Records excerpted from a collection:

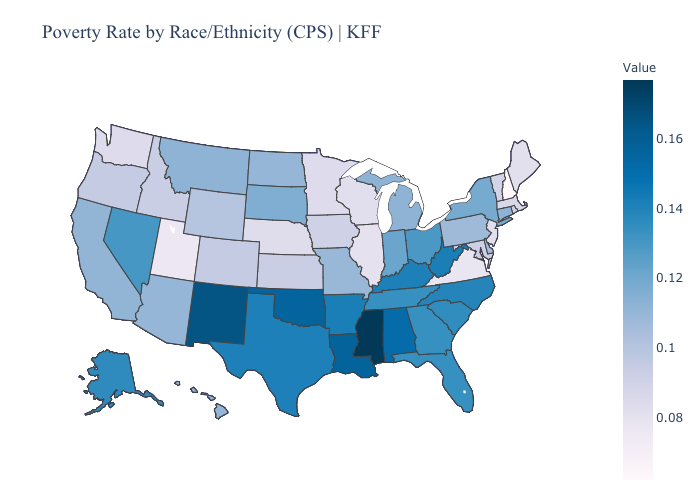Does Hawaii have a higher value than Arkansas?
Quick response, please. No. Does Texas have the highest value in the USA?
Be succinct. No. Does Mississippi have the highest value in the USA?
Answer briefly. Yes. Which states have the lowest value in the Northeast?
Short answer required. New Hampshire. Among the states that border Maryland , does Virginia have the lowest value?
Give a very brief answer. Yes. Which states hav the highest value in the MidWest?
Quick response, please. Ohio. Does New York have the highest value in the Northeast?
Short answer required. Yes. 
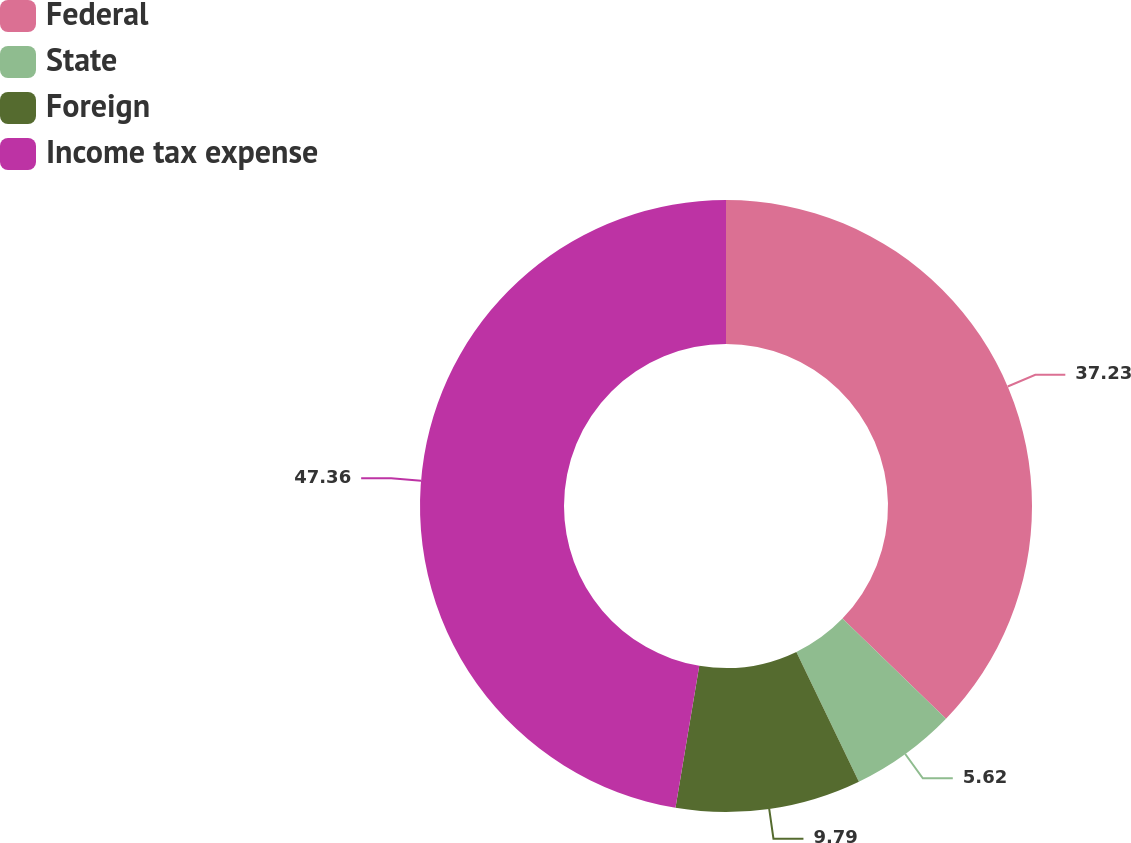Convert chart to OTSL. <chart><loc_0><loc_0><loc_500><loc_500><pie_chart><fcel>Federal<fcel>State<fcel>Foreign<fcel>Income tax expense<nl><fcel>37.23%<fcel>5.62%<fcel>9.79%<fcel>47.36%<nl></chart> 
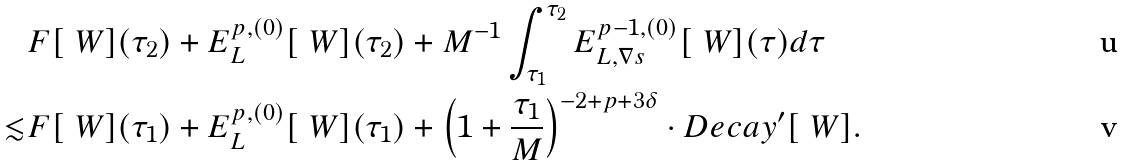Convert formula to latex. <formula><loc_0><loc_0><loc_500><loc_500>& F [ \ W ] ( \tau _ { 2 } ) + E ^ { p , ( 0 ) } _ { L } [ \ W ] ( \tau _ { 2 } ) + M ^ { - 1 } \int _ { \tau _ { 1 } } ^ { \tau _ { 2 } } E ^ { p - 1 , ( 0 ) } _ { L , \nabla s } [ \ W ] ( \tau ) d \tau \\ \lesssim & F [ \ W ] ( \tau _ { 1 } ) + E ^ { p , ( 0 ) } _ { L } [ \ W ] ( \tau _ { 1 } ) + \left ( 1 + \frac { \tau _ { 1 } } { M } \right ) ^ { - 2 + p + 3 \delta } \cdot D e c a y ^ { \prime } [ \ W ] .</formula> 
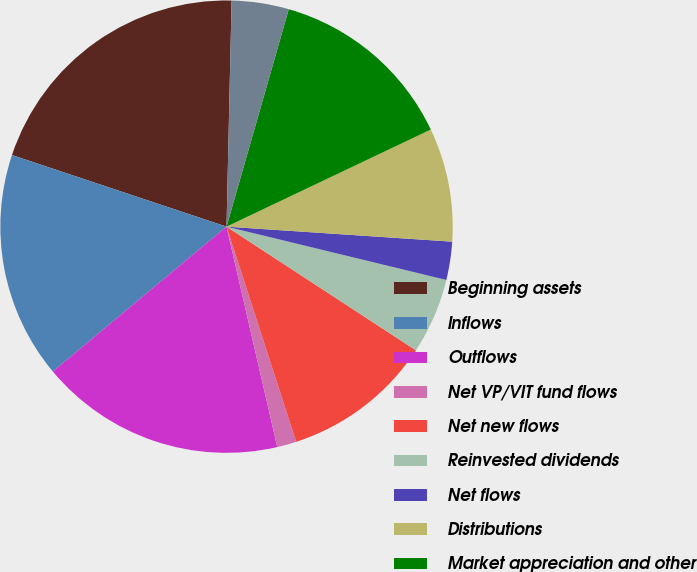Convert chart to OTSL. <chart><loc_0><loc_0><loc_500><loc_500><pie_chart><fcel>Beginning assets<fcel>Inflows<fcel>Outflows<fcel>Net VP/VIT fund flows<fcel>Net new flows<fcel>Reinvested dividends<fcel>Net flows<fcel>Distributions<fcel>Market appreciation and other<fcel>Foreign currency translation<nl><fcel>20.23%<fcel>16.19%<fcel>17.54%<fcel>1.38%<fcel>10.81%<fcel>5.42%<fcel>2.73%<fcel>8.12%<fcel>13.5%<fcel>4.08%<nl></chart> 
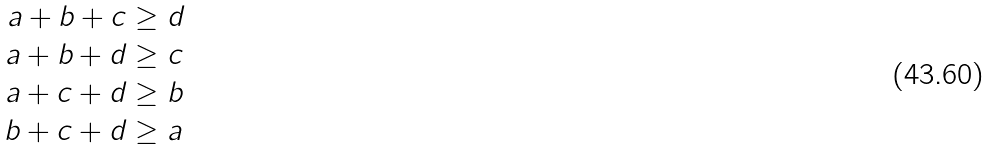Convert formula to latex. <formula><loc_0><loc_0><loc_500><loc_500>a + b + c & \geq d \\ a + b + d & \geq c \\ a + c + d & \geq b \\ b + c + d & \geq a</formula> 
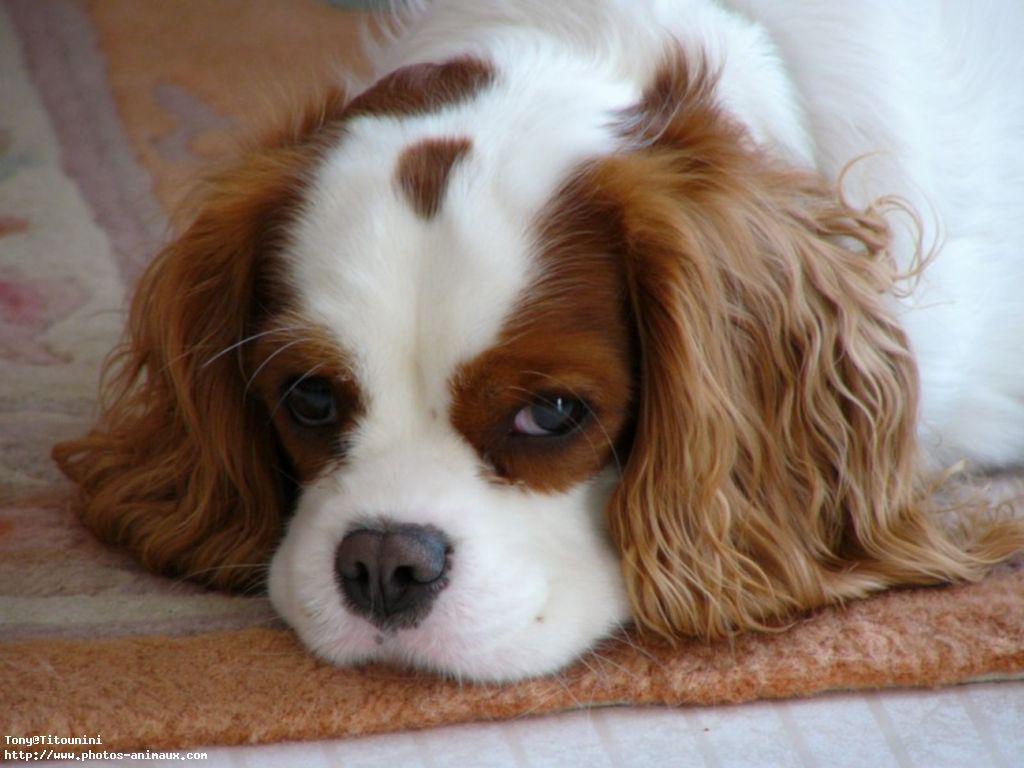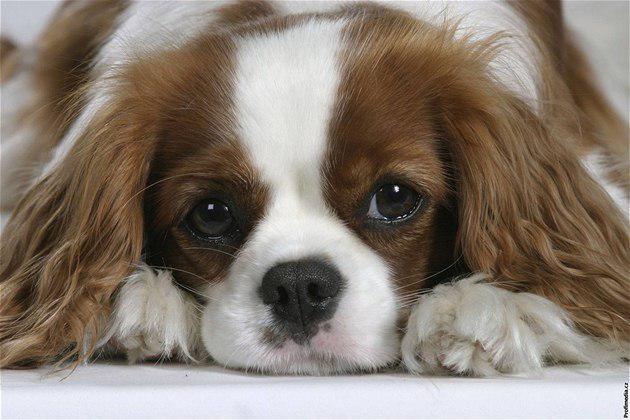The first image is the image on the left, the second image is the image on the right. Given the left and right images, does the statement "There are two Cavalier King Charles Spaniels that are sitting." hold true? Answer yes or no. No. The first image is the image on the left, the second image is the image on the right. Given the left and right images, does the statement "ther is at least one dog on a stone surface with greenery in the background" hold true? Answer yes or no. No. 
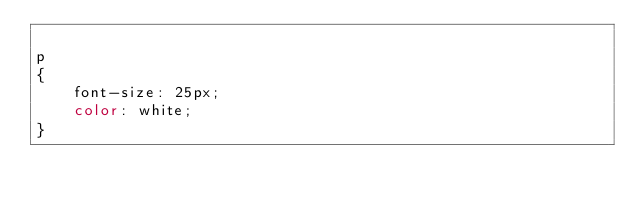<code> <loc_0><loc_0><loc_500><loc_500><_CSS_>
p
{
    font-size: 25px;
    color: white;
}

</code> 
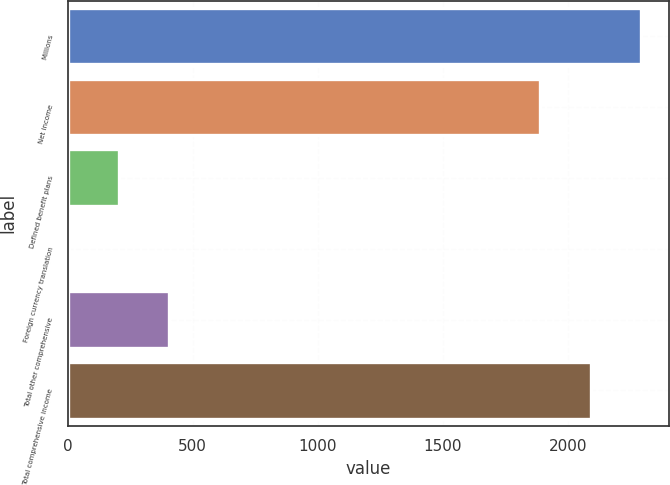Convert chart. <chart><loc_0><loc_0><loc_500><loc_500><bar_chart><fcel>Millions<fcel>Net income<fcel>Defined benefit plans<fcel>Foreign currency translation<fcel>Total other comprehensive<fcel>Total comprehensive income<nl><fcel>2290.6<fcel>1890<fcel>206.3<fcel>6<fcel>406.6<fcel>2090.3<nl></chart>

Exercise instructions:
Start at the line holding "font-size: 25px;" and stop at the last line of the entries above. Repeat those lines exactly, pictures excluded.

Task result:
    font-size: 25px;
    color: white;
}

</code> 
Convert chart. <chart><loc_0><loc_0><loc_500><loc_500><bar_chart><fcel>Millions<fcel>Net income<fcel>Defined benefit plans<fcel>Foreign currency translation<fcel>Total other comprehensive<fcel>Total comprehensive income<nl><fcel>2290.6<fcel>1890<fcel>206.3<fcel>6<fcel>406.6<fcel>2090.3<nl></chart>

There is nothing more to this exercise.